"Here’s the problem with artificial intelligence today," says David Cox. Yes, it has gotten astonishingly good, from near-perfect facial recognition to driverless cars and world-champion Go-playing machines. And it’s true that some AI applications don’t even have to be programmed anymore: they’re based on architectures that allow them to learn from experience.
Yet there is still something clumsy and brute-force about it, says Cox, a neuroscientist at Harvard. “To build a dog detector, you need to show the program thousands of things that are dogs and thousands that aren’t dogs,” he says. “My daughter only had to see one dog”—and has happily pointed out puppies ever since. And the knowledge that today’s AI does manage to extract from all that data can be oddly fragile. Add some artful static to an image—noise that a human wouldn’t even notice—and the computer might just mistake a dog for a dumpster. That’s not good if people are using facial recognition for, say, security on smartphones (see “Is AI Riding a One-Trick Pony?”).

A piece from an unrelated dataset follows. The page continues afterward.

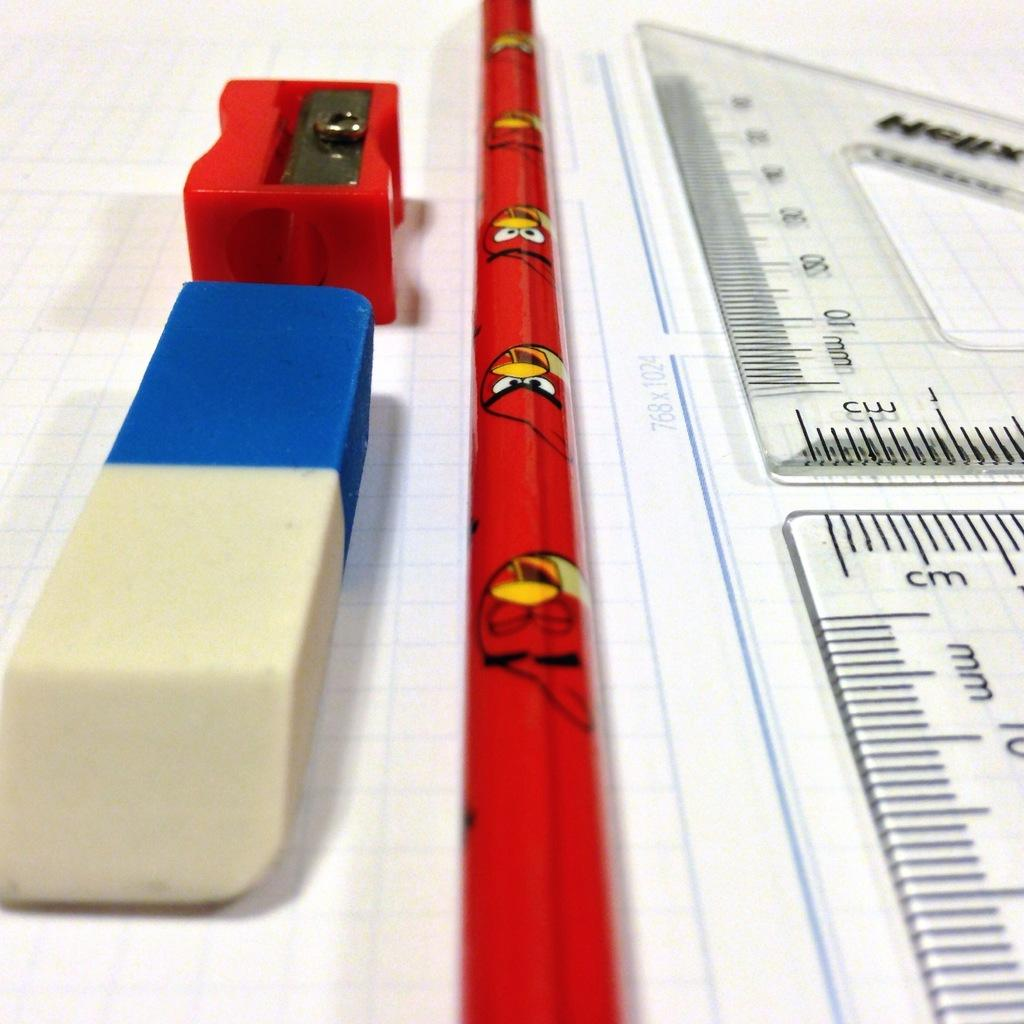<image>
Share a concise interpretation of the image provided. the word cm that is on a ruler

To overcome such limitations, Cox and dozens of other neuroscientists and machine-learning experts joined forces last year for the Machine Intelligence from Cortical Networks (MICrONS) initiative: a $100 million effort to reverse-engineer the brain. It will be the neuroscience equivalent of a moonshot, says Jacob Vogelstein, who conceived and launched MICrONS when he was a program officer for the Intelligence Advanced Research Projects Agency, the U.S. intelligence community’s research arm. (He is now at the venture capital firm Camden Partners in Baltimore.) MICrONS researchers are attempting to chart the function and structure of every detail in a small piece of rodent cortex.
It’s a testament to the brain’s complexity that a moonshot is needed to map even this tiny piece of cortex, a cube measuring one millimeter on a side—the size of a coarse grain of sand. But this cube is thousands of times bigger than any chunk of brain anyone has tried to detail. It will contain roughly 100,000 neurons and something like a billion synapses, the junctions that allow nerve impulses to leap from one neuron to the next.
It’s an ambition that leaves other neuroscientists awestruck. “I think what they are doing is heroic,” says Eve Marder, who has spent her entire career studying much smaller neural circuits at Brandeis University. “It’s among the most exciting things happening in neuroscience,” says Konrad Kording, who does computational modeling of the brain at the University of Pennsylvania.
The ultimate payoff will be the neural secrets mined from the project’s data—principles that should form what Vogelstein calls “the computational building blocks for the next generation of AI.” After all, he says, today’s neural networks are based on a decades-old architecture and a fairly simplistic notion of how the brain works. Essentially, these systems spread knowledge across thousands of densely interconnected “nodes,” analogous to the brain’s neurons. The systems improve their performance by adjusting the strength of the connections. But in most computer neural networks the signals always cascade forward, from one set of nodes to the next. The real brain is full of feedback: for every bundle of nerve fibers conveying signals from one region to the next, there is an equal or greater number of fibers coming back the other way. But why? Are those feedback fibers the secret to one-shot learning and so many other aspects of the brain’s immense power? Is something else going on?